I don't have an invisible chronic illness. What I have is an invisible chronic disability. At some point during my early to mid-teens, I managed to severely herniate three disks in my lower lumbar spine (L3-L5, for the morbidly curious). Because I was extremely overweight at the time, every doctor I saw for more than ten years said "lose weight and the pain will go away," and didn't look any deeper to see why a twenty-three year old woman was staggering into their offices screaming whenever she put her foot down and unable to straighten without vomiting.
Because the body learns to cope with things, I eventually recovered enough mobility to decide to do what the doctors were telling me, went on Weight Watchers, and lost over a hundred pounds. This wasn't as hard as it might have been, because I am a) a naturally picky eater and b) naturally really, really, "was walking a mile every morning to the convention center at the San Diego International Comic Convention, because that calmed me down enough to move calmly through the crowds" hyperactive. So "here, eat lettuce and do aerobics," not exactly the most difficult thing I'd ever heard.
Sadly, it turned out that the doctors were wrong.
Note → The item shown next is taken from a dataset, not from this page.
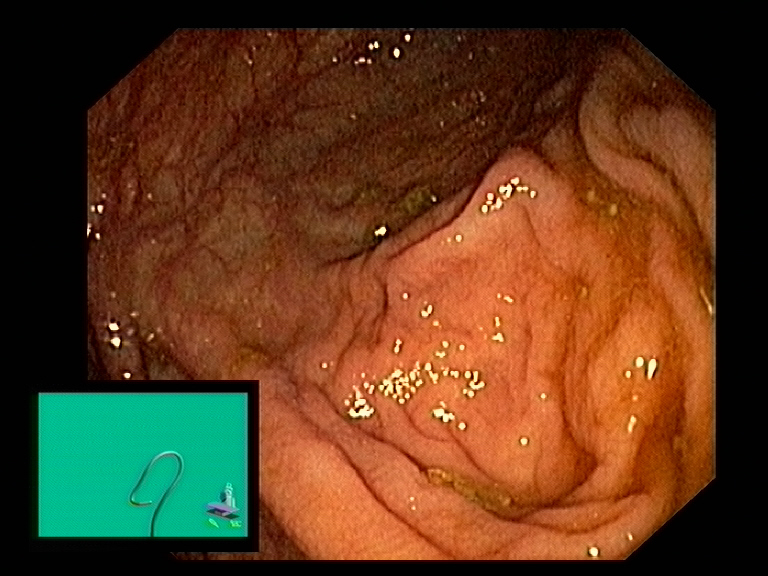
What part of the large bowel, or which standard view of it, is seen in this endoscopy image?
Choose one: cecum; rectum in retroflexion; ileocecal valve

cecum

Being severely overweight may have made things worse, but it didn't cause the injury, and a year and a half of hard aerobics definitely made things worse. In the fall of 2007, I began experiencing numbness of my right side, culminating in losing all feeling in my right leg and nearly falling into traffic when I suddenly couldn't walk. That's when a doctor finally slapped me into an MRI machine, went "oh, crap," and started dealing with my actual injuries.
I look totally healthy. I walk quickly. I move sharply. I am 5'7", reasonably young, and apparently able-bodied. But sometimes I sit in the "people with disabilities" seats, because I literally can't stand on the train for the duration of my commute. Sometimes I glaze over while I'm talking to people, because my sciatic nerve has started screaming like my leg is full of fire ants, and I'm trying to figure out a polite way to excuse myself to go take painkillers. Sometimes I keep walking at a crazy death-march pace because I can feel the numbness creeping back, and if I don't get to my destination before I lose the temporary use of my leg, I'm going to be stuck. That's just how life is.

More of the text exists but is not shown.